### Task description
In this exercise, retype exactly and only the lines from the top of the entries below through the line that holds "- **name**: position", omitting pictures.

::::

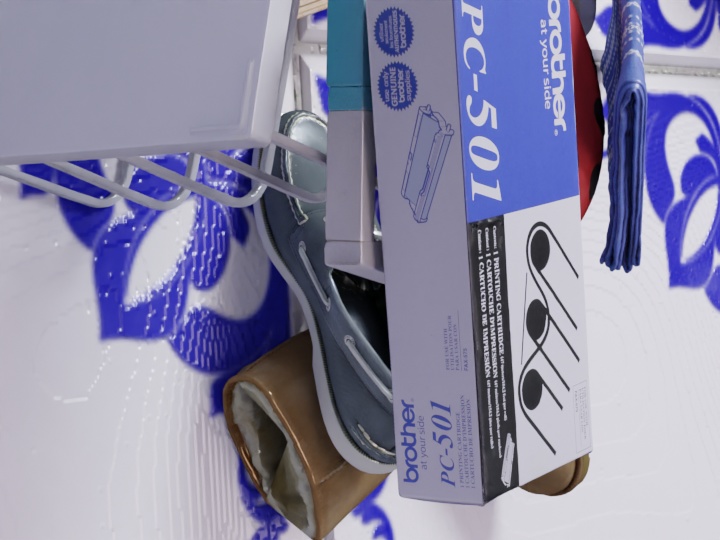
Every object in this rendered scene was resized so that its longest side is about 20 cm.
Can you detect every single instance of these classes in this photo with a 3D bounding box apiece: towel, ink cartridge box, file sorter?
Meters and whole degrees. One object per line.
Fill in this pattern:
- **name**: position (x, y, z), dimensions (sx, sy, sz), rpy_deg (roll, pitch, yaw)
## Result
- **towel**: position (0.151, -0.114, 1.115), dimensions (0.201, 0.024, 0.145), rpy_deg (-85, 173, -46)
- **ink cartridge box**: position (0.050, -0.015, 0.768), dimensions (0.094, 0.044, 0.201), rpy_deg (-14, 103, -54)
- **file sorter**: position (-0.074, -0.102, 0.836), dimensions (0.124, 0.199, 0.140), rpy_deg (21, 73, -49)

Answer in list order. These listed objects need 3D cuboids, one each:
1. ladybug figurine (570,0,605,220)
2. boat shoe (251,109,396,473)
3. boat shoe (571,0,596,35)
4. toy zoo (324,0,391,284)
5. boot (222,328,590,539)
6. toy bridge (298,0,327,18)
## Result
- **ladybug figurine**: position (0.088, -0.098, 1.074), dimensions (0.135, 0.072, 0.201), rpy_deg (9, 66, -45)
- **boat shoe**: position (0.000, 0.000, 0.967), dimensions (0.072, 0.062, 0.201), rpy_deg (0, 65, -37)
- **boat shoe**: position (0.113, -0.237, 1.137), dimensions (0.068, 0.073, 0.200), rpy_deg (-22, 96, -31)
- **toy zoo**: position (0.032, -0.071, 0.797), dimensions (0.131, 0.020, 0.201), rpy_deg (-2, 93, -54)
- **boot**: position (0.028, 0.090, 1.039), dimensions (0.200, 0.066, 0.176), rpy_deg (-36, 102, -43)
- **toy bridge**: position (-0.003, -0.161, 1.010), dimensions (0.200, 0.067, 0.027), rpy_deg (-34, 113, -44)

::::

### Answer
Every object in this rendered scene was resized so that its longest side is about 20 cm.
Can you detect every single instance of these classes in this photo with a 3D bounding box apiece: towel, ink cartridge box, file sorter?
Meters and whole degrees. One object per line.
Fill in this pattern:
- **name**: position (x, y, z), dimensions (sx, sy, sz), rpy_deg (roll, pitch, yaw)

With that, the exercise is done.